● Task instructions
Copy exactly the stretch of data below from the line with "Given: Navigate to" through the line with "Given: Locate the", including both of those lines.
-.-.-
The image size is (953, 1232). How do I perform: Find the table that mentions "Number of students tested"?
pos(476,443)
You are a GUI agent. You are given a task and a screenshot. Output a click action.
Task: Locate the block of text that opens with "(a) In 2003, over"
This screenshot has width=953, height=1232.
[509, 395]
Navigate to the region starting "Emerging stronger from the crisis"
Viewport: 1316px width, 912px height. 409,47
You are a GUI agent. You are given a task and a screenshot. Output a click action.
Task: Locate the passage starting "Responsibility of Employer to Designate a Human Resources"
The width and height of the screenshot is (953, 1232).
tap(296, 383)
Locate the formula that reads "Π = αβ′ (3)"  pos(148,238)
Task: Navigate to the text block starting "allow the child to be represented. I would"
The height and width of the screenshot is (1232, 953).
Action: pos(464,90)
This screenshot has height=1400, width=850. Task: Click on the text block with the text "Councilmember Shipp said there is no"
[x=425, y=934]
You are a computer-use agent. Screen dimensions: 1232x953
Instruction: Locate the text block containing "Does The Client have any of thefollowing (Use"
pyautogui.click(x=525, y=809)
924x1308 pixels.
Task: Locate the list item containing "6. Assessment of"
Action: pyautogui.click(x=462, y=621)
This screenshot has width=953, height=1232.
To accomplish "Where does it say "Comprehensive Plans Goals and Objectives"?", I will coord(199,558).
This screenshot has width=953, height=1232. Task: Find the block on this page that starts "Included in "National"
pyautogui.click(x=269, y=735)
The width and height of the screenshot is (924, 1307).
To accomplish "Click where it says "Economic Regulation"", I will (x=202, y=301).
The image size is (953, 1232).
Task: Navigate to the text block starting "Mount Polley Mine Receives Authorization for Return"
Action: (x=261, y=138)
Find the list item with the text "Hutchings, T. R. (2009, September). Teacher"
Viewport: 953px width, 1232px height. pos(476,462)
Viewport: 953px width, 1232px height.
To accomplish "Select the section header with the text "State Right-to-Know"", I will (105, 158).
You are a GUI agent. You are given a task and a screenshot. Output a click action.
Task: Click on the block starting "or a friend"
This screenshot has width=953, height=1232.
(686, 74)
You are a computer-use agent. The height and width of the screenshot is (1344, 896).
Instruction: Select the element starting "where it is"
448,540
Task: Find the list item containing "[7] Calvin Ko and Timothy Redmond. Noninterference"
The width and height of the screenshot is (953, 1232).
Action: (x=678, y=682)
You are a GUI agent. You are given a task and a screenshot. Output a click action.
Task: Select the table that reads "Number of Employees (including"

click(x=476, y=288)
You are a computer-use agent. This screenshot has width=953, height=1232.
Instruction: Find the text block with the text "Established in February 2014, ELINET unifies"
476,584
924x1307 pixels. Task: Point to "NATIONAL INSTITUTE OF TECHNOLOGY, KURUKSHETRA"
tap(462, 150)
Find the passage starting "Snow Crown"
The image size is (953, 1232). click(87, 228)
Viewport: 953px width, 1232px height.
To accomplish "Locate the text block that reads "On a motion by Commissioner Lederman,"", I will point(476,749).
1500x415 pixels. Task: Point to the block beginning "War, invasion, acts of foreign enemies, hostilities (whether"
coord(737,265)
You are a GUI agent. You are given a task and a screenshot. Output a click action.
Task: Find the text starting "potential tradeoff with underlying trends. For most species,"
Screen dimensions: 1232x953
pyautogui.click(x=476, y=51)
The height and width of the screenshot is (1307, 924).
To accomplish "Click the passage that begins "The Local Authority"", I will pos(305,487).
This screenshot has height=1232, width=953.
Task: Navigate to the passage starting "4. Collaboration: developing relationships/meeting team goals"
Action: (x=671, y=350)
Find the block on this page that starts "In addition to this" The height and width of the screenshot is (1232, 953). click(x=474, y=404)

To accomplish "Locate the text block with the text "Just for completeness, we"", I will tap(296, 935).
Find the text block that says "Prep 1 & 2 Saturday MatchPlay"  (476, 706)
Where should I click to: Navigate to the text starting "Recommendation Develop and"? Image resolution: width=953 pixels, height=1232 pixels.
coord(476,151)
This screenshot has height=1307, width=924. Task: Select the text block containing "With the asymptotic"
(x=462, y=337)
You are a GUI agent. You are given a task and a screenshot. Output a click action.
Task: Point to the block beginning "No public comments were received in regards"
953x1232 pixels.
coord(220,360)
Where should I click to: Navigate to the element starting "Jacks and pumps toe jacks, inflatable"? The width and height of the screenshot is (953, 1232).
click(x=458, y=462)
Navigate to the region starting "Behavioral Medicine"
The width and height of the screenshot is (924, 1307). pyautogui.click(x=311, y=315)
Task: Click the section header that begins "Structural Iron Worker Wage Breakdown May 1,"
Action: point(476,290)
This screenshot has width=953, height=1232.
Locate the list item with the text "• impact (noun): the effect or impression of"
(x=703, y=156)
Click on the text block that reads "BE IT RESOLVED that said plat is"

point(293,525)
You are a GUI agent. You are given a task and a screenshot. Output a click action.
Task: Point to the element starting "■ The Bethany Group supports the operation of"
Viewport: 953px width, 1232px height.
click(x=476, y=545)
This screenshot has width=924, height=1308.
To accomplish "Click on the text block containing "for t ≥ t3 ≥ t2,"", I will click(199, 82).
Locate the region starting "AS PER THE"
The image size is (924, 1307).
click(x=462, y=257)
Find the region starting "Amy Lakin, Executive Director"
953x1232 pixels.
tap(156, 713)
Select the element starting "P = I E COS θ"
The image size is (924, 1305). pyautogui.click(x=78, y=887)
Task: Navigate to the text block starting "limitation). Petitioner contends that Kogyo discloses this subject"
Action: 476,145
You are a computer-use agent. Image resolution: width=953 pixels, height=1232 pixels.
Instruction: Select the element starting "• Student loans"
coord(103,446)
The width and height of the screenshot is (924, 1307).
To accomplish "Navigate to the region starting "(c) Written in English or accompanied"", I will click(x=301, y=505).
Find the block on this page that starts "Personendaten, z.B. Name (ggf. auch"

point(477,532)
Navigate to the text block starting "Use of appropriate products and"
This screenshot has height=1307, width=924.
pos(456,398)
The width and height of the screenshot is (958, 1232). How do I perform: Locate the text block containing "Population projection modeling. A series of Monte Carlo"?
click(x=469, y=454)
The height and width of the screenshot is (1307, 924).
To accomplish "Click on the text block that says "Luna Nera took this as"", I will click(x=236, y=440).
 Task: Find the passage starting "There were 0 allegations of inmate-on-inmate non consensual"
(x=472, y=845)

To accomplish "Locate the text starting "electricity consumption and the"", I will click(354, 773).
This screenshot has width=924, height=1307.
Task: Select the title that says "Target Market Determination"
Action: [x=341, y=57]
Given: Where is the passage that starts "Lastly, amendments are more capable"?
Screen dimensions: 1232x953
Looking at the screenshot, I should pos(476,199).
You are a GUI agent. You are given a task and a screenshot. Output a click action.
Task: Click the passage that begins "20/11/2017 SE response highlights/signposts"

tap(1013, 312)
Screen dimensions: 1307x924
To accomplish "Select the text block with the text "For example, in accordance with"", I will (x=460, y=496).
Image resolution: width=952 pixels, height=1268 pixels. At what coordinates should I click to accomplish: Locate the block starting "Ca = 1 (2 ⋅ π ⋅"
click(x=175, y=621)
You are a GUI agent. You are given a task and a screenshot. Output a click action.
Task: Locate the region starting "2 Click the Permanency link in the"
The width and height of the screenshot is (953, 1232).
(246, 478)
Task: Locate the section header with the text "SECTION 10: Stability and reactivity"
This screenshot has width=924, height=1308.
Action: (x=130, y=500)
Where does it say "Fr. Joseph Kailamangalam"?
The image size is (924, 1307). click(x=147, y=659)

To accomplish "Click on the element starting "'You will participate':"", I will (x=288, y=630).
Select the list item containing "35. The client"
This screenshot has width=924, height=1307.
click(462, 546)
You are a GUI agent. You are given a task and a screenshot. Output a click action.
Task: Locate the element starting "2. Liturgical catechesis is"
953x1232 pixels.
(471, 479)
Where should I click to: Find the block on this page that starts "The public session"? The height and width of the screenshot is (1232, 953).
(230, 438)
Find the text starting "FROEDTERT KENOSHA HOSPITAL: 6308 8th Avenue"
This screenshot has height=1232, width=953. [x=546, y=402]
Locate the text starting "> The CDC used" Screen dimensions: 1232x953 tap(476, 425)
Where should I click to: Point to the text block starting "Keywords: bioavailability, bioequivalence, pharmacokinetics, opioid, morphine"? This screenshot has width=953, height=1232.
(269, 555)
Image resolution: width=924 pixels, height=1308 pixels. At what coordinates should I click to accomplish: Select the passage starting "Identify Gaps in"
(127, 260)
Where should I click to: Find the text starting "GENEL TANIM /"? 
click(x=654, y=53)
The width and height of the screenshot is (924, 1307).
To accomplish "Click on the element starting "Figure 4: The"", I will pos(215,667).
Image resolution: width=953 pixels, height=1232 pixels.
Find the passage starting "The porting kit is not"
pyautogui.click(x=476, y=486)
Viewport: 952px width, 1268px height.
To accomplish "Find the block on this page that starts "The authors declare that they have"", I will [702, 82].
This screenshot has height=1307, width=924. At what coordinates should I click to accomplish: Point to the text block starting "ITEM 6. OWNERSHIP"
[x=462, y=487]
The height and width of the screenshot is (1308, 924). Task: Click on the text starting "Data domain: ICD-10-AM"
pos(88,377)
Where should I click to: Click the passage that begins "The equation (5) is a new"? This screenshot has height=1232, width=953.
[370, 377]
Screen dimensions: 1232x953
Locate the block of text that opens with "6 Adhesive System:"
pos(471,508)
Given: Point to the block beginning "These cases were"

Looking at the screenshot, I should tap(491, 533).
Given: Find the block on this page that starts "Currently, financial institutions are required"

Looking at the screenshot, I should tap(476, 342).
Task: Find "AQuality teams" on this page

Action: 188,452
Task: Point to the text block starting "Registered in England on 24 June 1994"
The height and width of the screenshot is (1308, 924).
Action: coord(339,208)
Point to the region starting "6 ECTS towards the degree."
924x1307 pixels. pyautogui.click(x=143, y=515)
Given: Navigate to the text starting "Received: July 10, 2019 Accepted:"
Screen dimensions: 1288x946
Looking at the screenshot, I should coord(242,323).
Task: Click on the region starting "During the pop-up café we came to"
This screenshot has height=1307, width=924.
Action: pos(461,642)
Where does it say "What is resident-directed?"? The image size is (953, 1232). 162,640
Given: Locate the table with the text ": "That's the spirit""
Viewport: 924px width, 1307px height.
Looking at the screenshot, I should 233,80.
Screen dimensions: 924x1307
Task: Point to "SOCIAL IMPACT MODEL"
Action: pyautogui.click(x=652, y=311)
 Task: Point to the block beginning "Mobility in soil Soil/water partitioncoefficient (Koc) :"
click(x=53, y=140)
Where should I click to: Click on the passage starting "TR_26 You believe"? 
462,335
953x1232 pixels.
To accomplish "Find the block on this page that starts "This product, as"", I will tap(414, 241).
-.-.-
● Task answer
Given: Navigate to the text starting "Received: July 10, 2019 Accepted:"
Screen dimensions: 1288x946
Looking at the screenshot, I should coord(242,323).
Task: Click on the region starting "During the pop-up café we came to"
This screenshot has height=1307, width=924.
Action: pos(461,642)
Where does it say "What is resident-directed?"? The image size is (953, 1232). 162,640
Given: Locate the table with the text ": "That's the spirit""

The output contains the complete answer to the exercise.